24 mai 2020

Trip technique: la calibration des sources LED en fonction des caméras

3 caméras filment la même mire couleurs sous la même lumière: un exemple de la nécessité d'aligner les nouvelles sources LED avec ce que les capteurs des caméras en perçoivent réellement.


Confinement oblige, les annonces des nouveautés technologiques se font en ligne, à coups de Webinaires, Webcasts et autres IGTV. L'accès aux infos les plus fraîches ne nécessite plus la participation à des conférences distantes et hors de prix.

Dans les domaines qui nous intéressent, deux tendances lourdes se dégagent depuis quelques mois:

  • l'arrivée massive d'objectifs adaptés aux grands capteurs, 
  • et une certaine standardisation de la restitution des "vraies" couleurs par toute la chaîne des outils techniques y compris, et c'est tout nouveau, sur les sources elles-mêmes.

Je tente ici de faire un petit point d'étape sur cette deuxième tendance.

Alors que les arts graphiques avaient conçu voici des décennies diverses façons de contrôler le suivi des couleurs depuis l'écran d'ordinateur jusqu'à l'impression (CIELAB et autres standards), le cinéma numérique accuse encore un retard un peu honteux.
En effet, les couleurs perçues sur un plateau ne sont toujours pas, à l'heure actuelle, fidèlement restituables tout au long de la chaîne tournage > post-prod > display. La faute en incombe à un manque de coordination technique entre les fabricants:

  • de sources de lumière 
  • de capteurs
  • de moniteurs/TV 
  • et des logiciels qui font dialoguer ces bestioles.

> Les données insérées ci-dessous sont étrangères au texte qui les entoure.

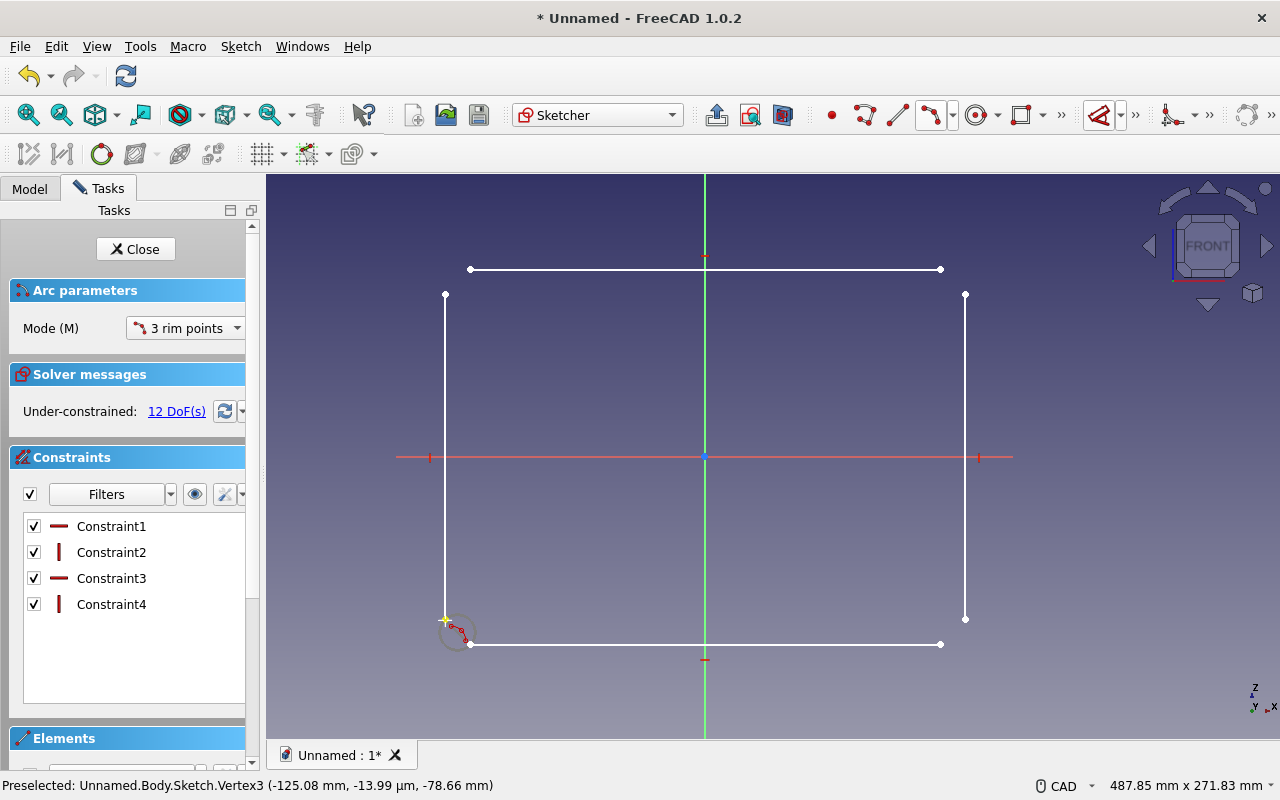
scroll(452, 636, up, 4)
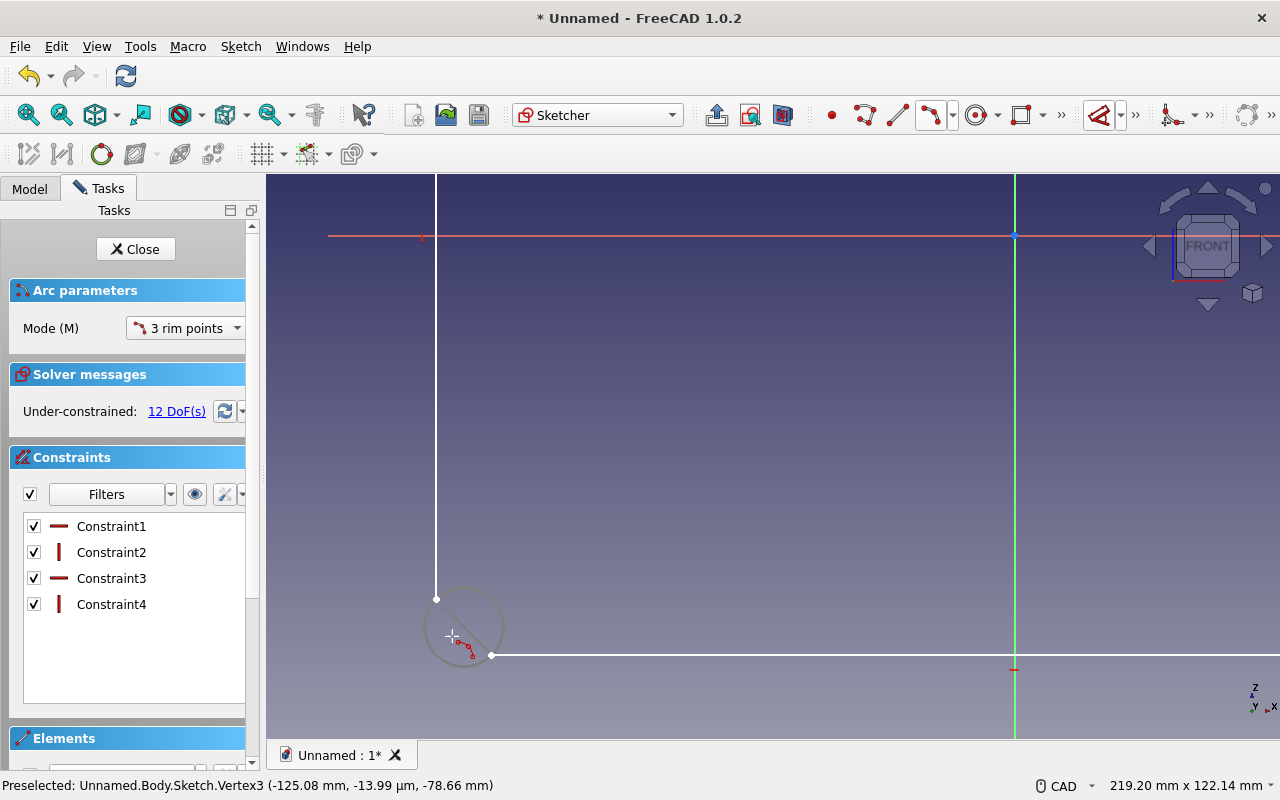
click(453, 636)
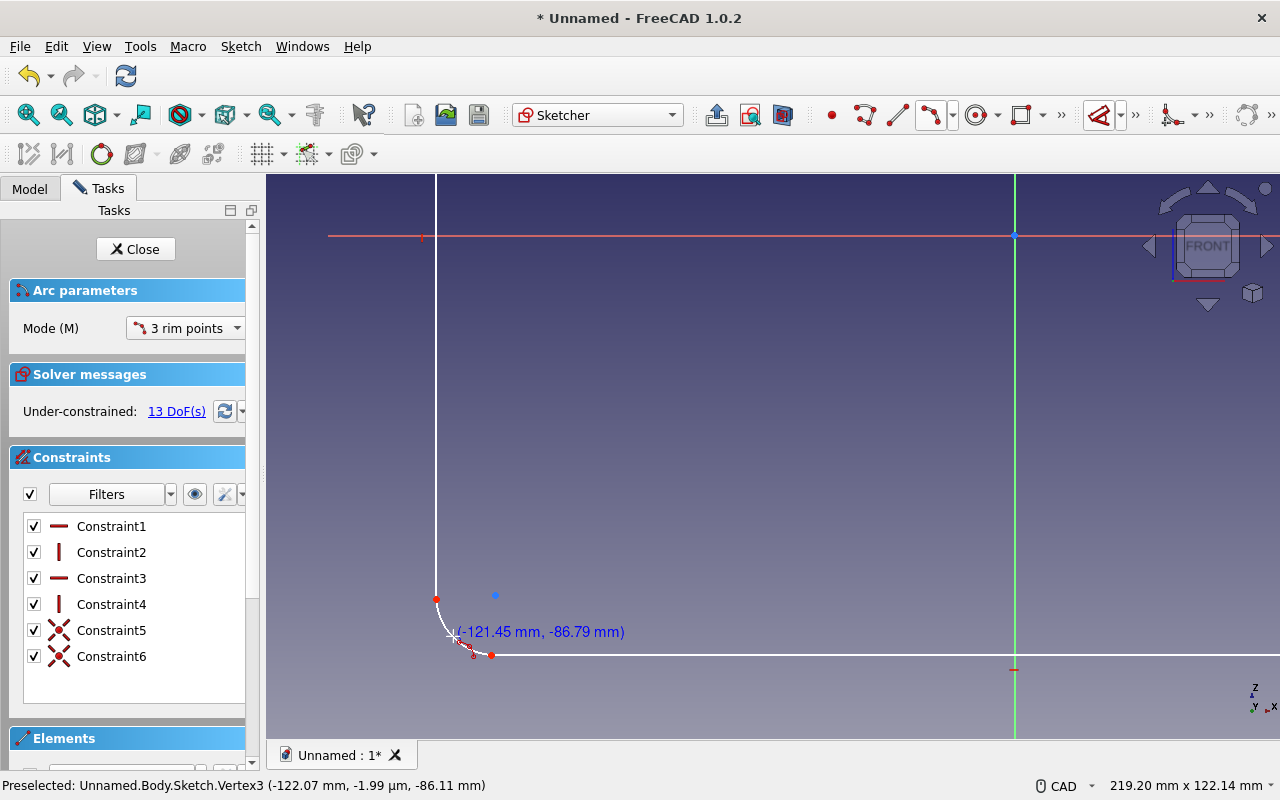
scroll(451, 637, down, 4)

Diverses unités de mesures existent depuis un certain temps déjà, mais les possibilités de corriger les aberrations restaient rares.

Les mesures


Parmi les unités de mesure, l'Indice de Rendu des Couleurs (IRC, page Wikipedia) évalue les écarts de perception des couleurs par un oeil humain en fonction de la source qui les éclaire. Le soleil ou un filament tungstène couvrent de façon linéaire toutes les longueurs d'ondes de la lumière visible, alors que certains HMI, de nombreux tubes Fluos et sources LED accusent des trous et des pics assez alarmants:

Ces irrégularités ne peuvent pas se corriger avec des gélatines.
Lorsqu'une couleur n'existe pas, elle ne peut être compensée.

Constatant que l'oeil humain ne perçoit pas les couleurs de la même façon qu'un capteur de caméra, l'IRC a été complété par le Television Lighting Consistency Index (TLCI, page de définition sur EBU). 

Tout récemment, les organismes qui notent la qualité des écrans ont même proposé la Just Noticeable Color Difference (JNCD) (voir ici l'explication technique et une application concrète sur un écran de smartphone).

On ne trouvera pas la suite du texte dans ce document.